We can visualise the individual dimension contributions to represent the distances (eigenvalues, eig, are computed for all possible MDS axes, 14 in this case).

What is the goodness of fit (GOF) if we reduce to k dimensions? The value of the sum of the first \(k\) eigenvalues with respect to the total sum of eigenvalues could be used as for PCA, but this involves technical problems if no Euclidean distance is used and negative eigenvalues are produced. Two alternative measures are provided by the cmdscale function:
\[GOF=\frac{\sum_{i=1}^k|\lambda_i|}{\sum_{i=1}^n|\lambda_i|} \;\;\mbox{and}\;\; GOF=\frac{\sum_{i=1}^k\max(0,\lambda_i)}{\sum_{i=1}^n\max(0,\lambda_i)}\] Note that these two measures are equal when Euclidean distance is used.
[1] 0.6457675 0.7020417
The first of these measures suggests that 65% of the distance information is accounted for by the first 2 MDS axes. In fact, the plot above suggests that perhaps using up to four.
The following scatterplot shows the scores using the first two MDS axes.
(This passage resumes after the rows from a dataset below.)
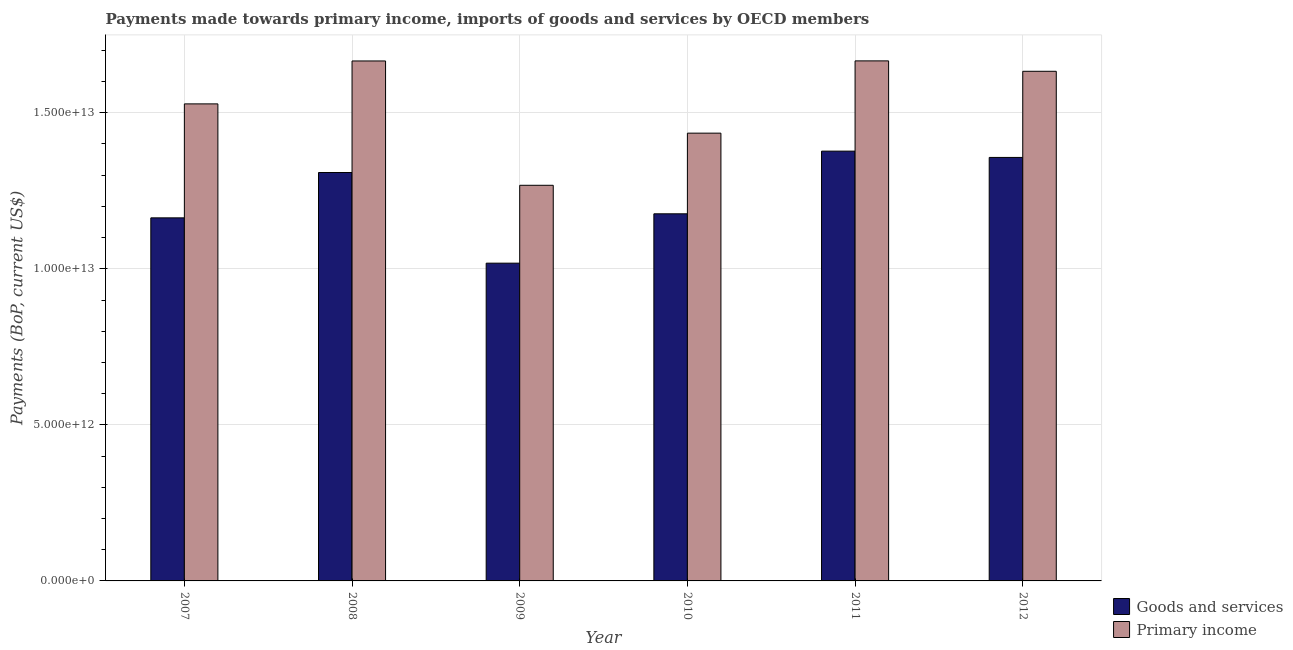How many different coloured bars are there?
Offer a very short reply. 2. Are the number of bars on each tick of the X-axis equal?
Offer a terse response. Yes. How many bars are there on the 3rd tick from the left?
Your response must be concise. 2. What is the label of the 1st group of bars from the left?
Your answer should be compact. 2007. What is the payments made towards primary income in 2010?
Your response must be concise. 1.43e+13. Across all years, what is the maximum payments made towards goods and services?
Make the answer very short. 1.38e+13. Across all years, what is the minimum payments made towards primary income?
Provide a succinct answer. 1.27e+13. In which year was the payments made towards goods and services maximum?
Offer a very short reply. 2011. In which year was the payments made towards primary income minimum?
Give a very brief answer. 2009. What is the total payments made towards goods and services in the graph?
Offer a very short reply. 7.40e+13. What is the difference between the payments made towards goods and services in 2008 and that in 2012?
Offer a terse response. -4.83e+11. What is the difference between the payments made towards primary income in 2011 and the payments made towards goods and services in 2007?
Your answer should be very brief. 1.38e+12. What is the average payments made towards primary income per year?
Offer a terse response. 1.53e+13. In how many years, is the payments made towards primary income greater than 9000000000000 US$?
Provide a short and direct response. 6. What is the ratio of the payments made towards primary income in 2008 to that in 2010?
Offer a terse response. 1.16. What is the difference between the highest and the second highest payments made towards goods and services?
Your answer should be compact. 2.02e+11. What is the difference between the highest and the lowest payments made towards goods and services?
Provide a short and direct response. 3.59e+12. What does the 1st bar from the left in 2011 represents?
Your response must be concise. Goods and services. What does the 1st bar from the right in 2007 represents?
Keep it short and to the point. Primary income. How many bars are there?
Your response must be concise. 12. Are all the bars in the graph horizontal?
Ensure brevity in your answer.  No. How many years are there in the graph?
Offer a very short reply. 6. What is the difference between two consecutive major ticks on the Y-axis?
Your answer should be compact. 5.00e+12. Are the values on the major ticks of Y-axis written in scientific E-notation?
Your answer should be compact. Yes. Where does the legend appear in the graph?
Your answer should be very brief. Bottom right. How many legend labels are there?
Your answer should be very brief. 2. What is the title of the graph?
Make the answer very short. Payments made towards primary income, imports of goods and services by OECD members. What is the label or title of the X-axis?
Your answer should be compact. Year. What is the label or title of the Y-axis?
Your answer should be very brief. Payments (BoP, current US$). What is the Payments (BoP, current US$) of Goods and services in 2007?
Offer a terse response. 1.16e+13. What is the Payments (BoP, current US$) of Primary income in 2007?
Provide a succinct answer. 1.53e+13. What is the Payments (BoP, current US$) of Goods and services in 2008?
Make the answer very short. 1.31e+13. What is the Payments (BoP, current US$) of Primary income in 2008?
Your answer should be compact. 1.67e+13. What is the Payments (BoP, current US$) in Goods and services in 2009?
Your response must be concise. 1.02e+13. What is the Payments (BoP, current US$) in Primary income in 2009?
Ensure brevity in your answer.  1.27e+13. What is the Payments (BoP, current US$) of Goods and services in 2010?
Offer a terse response. 1.18e+13. What is the Payments (BoP, current US$) in Primary income in 2010?
Provide a succinct answer. 1.43e+13. What is the Payments (BoP, current US$) of Goods and services in 2011?
Your answer should be very brief. 1.38e+13. What is the Payments (BoP, current US$) in Primary income in 2011?
Provide a short and direct response. 1.67e+13. What is the Payments (BoP, current US$) of Goods and services in 2012?
Keep it short and to the point. 1.36e+13. What is the Payments (BoP, current US$) in Primary income in 2012?
Keep it short and to the point. 1.63e+13. Across all years, what is the maximum Payments (BoP, current US$) in Goods and services?
Your answer should be very brief. 1.38e+13. Across all years, what is the maximum Payments (BoP, current US$) in Primary income?
Your answer should be very brief. 1.67e+13. Across all years, what is the minimum Payments (BoP, current US$) in Goods and services?
Your answer should be compact. 1.02e+13. Across all years, what is the minimum Payments (BoP, current US$) in Primary income?
Keep it short and to the point. 1.27e+13. What is the total Payments (BoP, current US$) in Goods and services in the graph?
Your response must be concise. 7.40e+13. What is the total Payments (BoP, current US$) of Primary income in the graph?
Your answer should be very brief. 9.20e+13. What is the difference between the Payments (BoP, current US$) in Goods and services in 2007 and that in 2008?
Give a very brief answer. -1.45e+12. What is the difference between the Payments (BoP, current US$) of Primary income in 2007 and that in 2008?
Your answer should be very brief. -1.38e+12. What is the difference between the Payments (BoP, current US$) of Goods and services in 2007 and that in 2009?
Offer a terse response. 1.45e+12. What is the difference between the Payments (BoP, current US$) in Primary income in 2007 and that in 2009?
Provide a succinct answer. 2.61e+12. What is the difference between the Payments (BoP, current US$) in Goods and services in 2007 and that in 2010?
Provide a succinct answer. -1.30e+11. What is the difference between the Payments (BoP, current US$) in Primary income in 2007 and that in 2010?
Keep it short and to the point. 9.38e+11. What is the difference between the Payments (BoP, current US$) of Goods and services in 2007 and that in 2011?
Your response must be concise. -2.14e+12. What is the difference between the Payments (BoP, current US$) of Primary income in 2007 and that in 2011?
Offer a terse response. -1.38e+12. What is the difference between the Payments (BoP, current US$) of Goods and services in 2007 and that in 2012?
Make the answer very short. -1.94e+12. What is the difference between the Payments (BoP, current US$) in Primary income in 2007 and that in 2012?
Your answer should be very brief. -1.04e+12. What is the difference between the Payments (BoP, current US$) in Goods and services in 2008 and that in 2009?
Provide a succinct answer. 2.90e+12. What is the difference between the Payments (BoP, current US$) of Primary income in 2008 and that in 2009?
Give a very brief answer. 3.98e+12. What is the difference between the Payments (BoP, current US$) in Goods and services in 2008 and that in 2010?
Your response must be concise. 1.32e+12. What is the difference between the Payments (BoP, current US$) in Primary income in 2008 and that in 2010?
Give a very brief answer. 2.31e+12. What is the difference between the Payments (BoP, current US$) in Goods and services in 2008 and that in 2011?
Keep it short and to the point. -6.85e+11. What is the difference between the Payments (BoP, current US$) in Primary income in 2008 and that in 2011?
Make the answer very short. -2.55e+09. What is the difference between the Payments (BoP, current US$) of Goods and services in 2008 and that in 2012?
Keep it short and to the point. -4.83e+11. What is the difference between the Payments (BoP, current US$) of Primary income in 2008 and that in 2012?
Your answer should be very brief. 3.31e+11. What is the difference between the Payments (BoP, current US$) in Goods and services in 2009 and that in 2010?
Keep it short and to the point. -1.58e+12. What is the difference between the Payments (BoP, current US$) of Primary income in 2009 and that in 2010?
Offer a very short reply. -1.67e+12. What is the difference between the Payments (BoP, current US$) of Goods and services in 2009 and that in 2011?
Keep it short and to the point. -3.59e+12. What is the difference between the Payments (BoP, current US$) of Primary income in 2009 and that in 2011?
Your response must be concise. -3.99e+12. What is the difference between the Payments (BoP, current US$) in Goods and services in 2009 and that in 2012?
Offer a very short reply. -3.39e+12. What is the difference between the Payments (BoP, current US$) of Primary income in 2009 and that in 2012?
Offer a terse response. -3.65e+12. What is the difference between the Payments (BoP, current US$) of Goods and services in 2010 and that in 2011?
Ensure brevity in your answer.  -2.01e+12. What is the difference between the Payments (BoP, current US$) in Primary income in 2010 and that in 2011?
Provide a succinct answer. -2.32e+12. What is the difference between the Payments (BoP, current US$) of Goods and services in 2010 and that in 2012?
Provide a succinct answer. -1.81e+12. What is the difference between the Payments (BoP, current US$) of Primary income in 2010 and that in 2012?
Keep it short and to the point. -1.98e+12. What is the difference between the Payments (BoP, current US$) in Goods and services in 2011 and that in 2012?
Your answer should be very brief. 2.02e+11. What is the difference between the Payments (BoP, current US$) of Primary income in 2011 and that in 2012?
Your answer should be compact. 3.34e+11. What is the difference between the Payments (BoP, current US$) in Goods and services in 2007 and the Payments (BoP, current US$) in Primary income in 2008?
Your answer should be compact. -5.03e+12. What is the difference between the Payments (BoP, current US$) of Goods and services in 2007 and the Payments (BoP, current US$) of Primary income in 2009?
Offer a very short reply. -1.04e+12. What is the difference between the Payments (BoP, current US$) in Goods and services in 2007 and the Payments (BoP, current US$) in Primary income in 2010?
Your answer should be compact. -2.71e+12. What is the difference between the Payments (BoP, current US$) of Goods and services in 2007 and the Payments (BoP, current US$) of Primary income in 2011?
Your answer should be compact. -5.03e+12. What is the difference between the Payments (BoP, current US$) of Goods and services in 2007 and the Payments (BoP, current US$) of Primary income in 2012?
Offer a very short reply. -4.70e+12. What is the difference between the Payments (BoP, current US$) in Goods and services in 2008 and the Payments (BoP, current US$) in Primary income in 2009?
Your response must be concise. 4.09e+11. What is the difference between the Payments (BoP, current US$) of Goods and services in 2008 and the Payments (BoP, current US$) of Primary income in 2010?
Your answer should be very brief. -1.26e+12. What is the difference between the Payments (BoP, current US$) in Goods and services in 2008 and the Payments (BoP, current US$) in Primary income in 2011?
Keep it short and to the point. -3.58e+12. What is the difference between the Payments (BoP, current US$) in Goods and services in 2008 and the Payments (BoP, current US$) in Primary income in 2012?
Offer a very short reply. -3.24e+12. What is the difference between the Payments (BoP, current US$) in Goods and services in 2009 and the Payments (BoP, current US$) in Primary income in 2010?
Keep it short and to the point. -4.17e+12. What is the difference between the Payments (BoP, current US$) in Goods and services in 2009 and the Payments (BoP, current US$) in Primary income in 2011?
Your response must be concise. -6.48e+12. What is the difference between the Payments (BoP, current US$) of Goods and services in 2009 and the Payments (BoP, current US$) of Primary income in 2012?
Provide a succinct answer. -6.15e+12. What is the difference between the Payments (BoP, current US$) in Goods and services in 2010 and the Payments (BoP, current US$) in Primary income in 2011?
Give a very brief answer. -4.90e+12. What is the difference between the Payments (BoP, current US$) of Goods and services in 2010 and the Payments (BoP, current US$) of Primary income in 2012?
Make the answer very short. -4.57e+12. What is the difference between the Payments (BoP, current US$) of Goods and services in 2011 and the Payments (BoP, current US$) of Primary income in 2012?
Give a very brief answer. -2.56e+12. What is the average Payments (BoP, current US$) of Goods and services per year?
Make the answer very short. 1.23e+13. What is the average Payments (BoP, current US$) in Primary income per year?
Provide a short and direct response. 1.53e+13. In the year 2007, what is the difference between the Payments (BoP, current US$) in Goods and services and Payments (BoP, current US$) in Primary income?
Your answer should be compact. -3.65e+12. In the year 2008, what is the difference between the Payments (BoP, current US$) of Goods and services and Payments (BoP, current US$) of Primary income?
Offer a very short reply. -3.57e+12. In the year 2009, what is the difference between the Payments (BoP, current US$) in Goods and services and Payments (BoP, current US$) in Primary income?
Provide a succinct answer. -2.50e+12. In the year 2010, what is the difference between the Payments (BoP, current US$) of Goods and services and Payments (BoP, current US$) of Primary income?
Ensure brevity in your answer.  -2.58e+12. In the year 2011, what is the difference between the Payments (BoP, current US$) in Goods and services and Payments (BoP, current US$) in Primary income?
Give a very brief answer. -2.89e+12. In the year 2012, what is the difference between the Payments (BoP, current US$) of Goods and services and Payments (BoP, current US$) of Primary income?
Make the answer very short. -2.76e+12. What is the ratio of the Payments (BoP, current US$) of Goods and services in 2007 to that in 2008?
Offer a terse response. 0.89. What is the ratio of the Payments (BoP, current US$) in Primary income in 2007 to that in 2008?
Offer a very short reply. 0.92. What is the ratio of the Payments (BoP, current US$) in Goods and services in 2007 to that in 2009?
Provide a succinct answer. 1.14. What is the ratio of the Payments (BoP, current US$) of Primary income in 2007 to that in 2009?
Provide a short and direct response. 1.21. What is the ratio of the Payments (BoP, current US$) in Goods and services in 2007 to that in 2010?
Make the answer very short. 0.99. What is the ratio of the Payments (BoP, current US$) of Primary income in 2007 to that in 2010?
Provide a succinct answer. 1.07. What is the ratio of the Payments (BoP, current US$) of Goods and services in 2007 to that in 2011?
Provide a short and direct response. 0.84. What is the ratio of the Payments (BoP, current US$) of Primary income in 2007 to that in 2011?
Provide a succinct answer. 0.92. What is the ratio of the Payments (BoP, current US$) of Goods and services in 2007 to that in 2012?
Your answer should be compact. 0.86. What is the ratio of the Payments (BoP, current US$) in Primary income in 2007 to that in 2012?
Your answer should be compact. 0.94. What is the ratio of the Payments (BoP, current US$) in Goods and services in 2008 to that in 2009?
Ensure brevity in your answer.  1.29. What is the ratio of the Payments (BoP, current US$) of Primary income in 2008 to that in 2009?
Offer a very short reply. 1.31. What is the ratio of the Payments (BoP, current US$) of Goods and services in 2008 to that in 2010?
Give a very brief answer. 1.11. What is the ratio of the Payments (BoP, current US$) in Primary income in 2008 to that in 2010?
Provide a short and direct response. 1.16. What is the ratio of the Payments (BoP, current US$) of Goods and services in 2008 to that in 2011?
Your response must be concise. 0.95. What is the ratio of the Payments (BoP, current US$) in Goods and services in 2008 to that in 2012?
Your answer should be compact. 0.96. What is the ratio of the Payments (BoP, current US$) of Primary income in 2008 to that in 2012?
Offer a very short reply. 1.02. What is the ratio of the Payments (BoP, current US$) of Goods and services in 2009 to that in 2010?
Offer a very short reply. 0.87. What is the ratio of the Payments (BoP, current US$) of Primary income in 2009 to that in 2010?
Provide a short and direct response. 0.88. What is the ratio of the Payments (BoP, current US$) in Goods and services in 2009 to that in 2011?
Give a very brief answer. 0.74. What is the ratio of the Payments (BoP, current US$) in Primary income in 2009 to that in 2011?
Make the answer very short. 0.76. What is the ratio of the Payments (BoP, current US$) in Goods and services in 2009 to that in 2012?
Make the answer very short. 0.75. What is the ratio of the Payments (BoP, current US$) of Primary income in 2009 to that in 2012?
Your answer should be compact. 0.78. What is the ratio of the Payments (BoP, current US$) in Goods and services in 2010 to that in 2011?
Your answer should be compact. 0.85. What is the ratio of the Payments (BoP, current US$) of Primary income in 2010 to that in 2011?
Keep it short and to the point. 0.86. What is the ratio of the Payments (BoP, current US$) in Goods and services in 2010 to that in 2012?
Your answer should be very brief. 0.87. What is the ratio of the Payments (BoP, current US$) in Primary income in 2010 to that in 2012?
Keep it short and to the point. 0.88. What is the ratio of the Payments (BoP, current US$) in Goods and services in 2011 to that in 2012?
Offer a very short reply. 1.01. What is the ratio of the Payments (BoP, current US$) in Primary income in 2011 to that in 2012?
Provide a short and direct response. 1.02. What is the difference between the highest and the second highest Payments (BoP, current US$) of Goods and services?
Provide a short and direct response. 2.02e+11. What is the difference between the highest and the second highest Payments (BoP, current US$) in Primary income?
Offer a terse response. 2.55e+09. What is the difference between the highest and the lowest Payments (BoP, current US$) of Goods and services?
Offer a very short reply. 3.59e+12. What is the difference between the highest and the lowest Payments (BoP, current US$) in Primary income?
Provide a short and direct response. 3.99e+12.

The points are labelled by site type.
colours <- c("black", "red", "green", "blue")[mothslog$Type]
plot(mds$points[, 1:2], col = colours, xlab = "MDS1", ylab = "MDS2")
legend("topright", legend = levels(mothslog$Type), col = 1:3, pch = 1)
The plot above suggests that the 3 Farmland sites (in black, F) have similar moths profiles as they are close to each other, but there do not seem to be any other patterns.
However, we do have other variables in the data set, the Northings and Eastings and these can be easily incorporated into the graph.
# Plot scores with no symbol
plot(mds$points[, 1:2], type = "n", xlab = "MDS1", ylab = "MDS2")
# Use the Northings coordinates to label them instead
text(mds$points[, 1], mds$points[, 2], labels = mothslog$N)
This graph indicates that the first MDS dimension is mainly a North-South gradient.
6.4 Exercises
RAPD data. 26 nematode (tiny worm which lives in soil) samples representing 5 species were assessed on 122 RAPD bands (one of the early genetic marker technologies). Each band can take the value 1 or 0. Using the Jaccard coefficient derive a multidimensional scaling plot for the 25 samples. Do they separate into their known species? How many MDS dimensions are needed?
LIFEEXP data. Does a MDS analysis of these data provide a succinct summary of the similarities and differences among the countries with respect to life expectancy?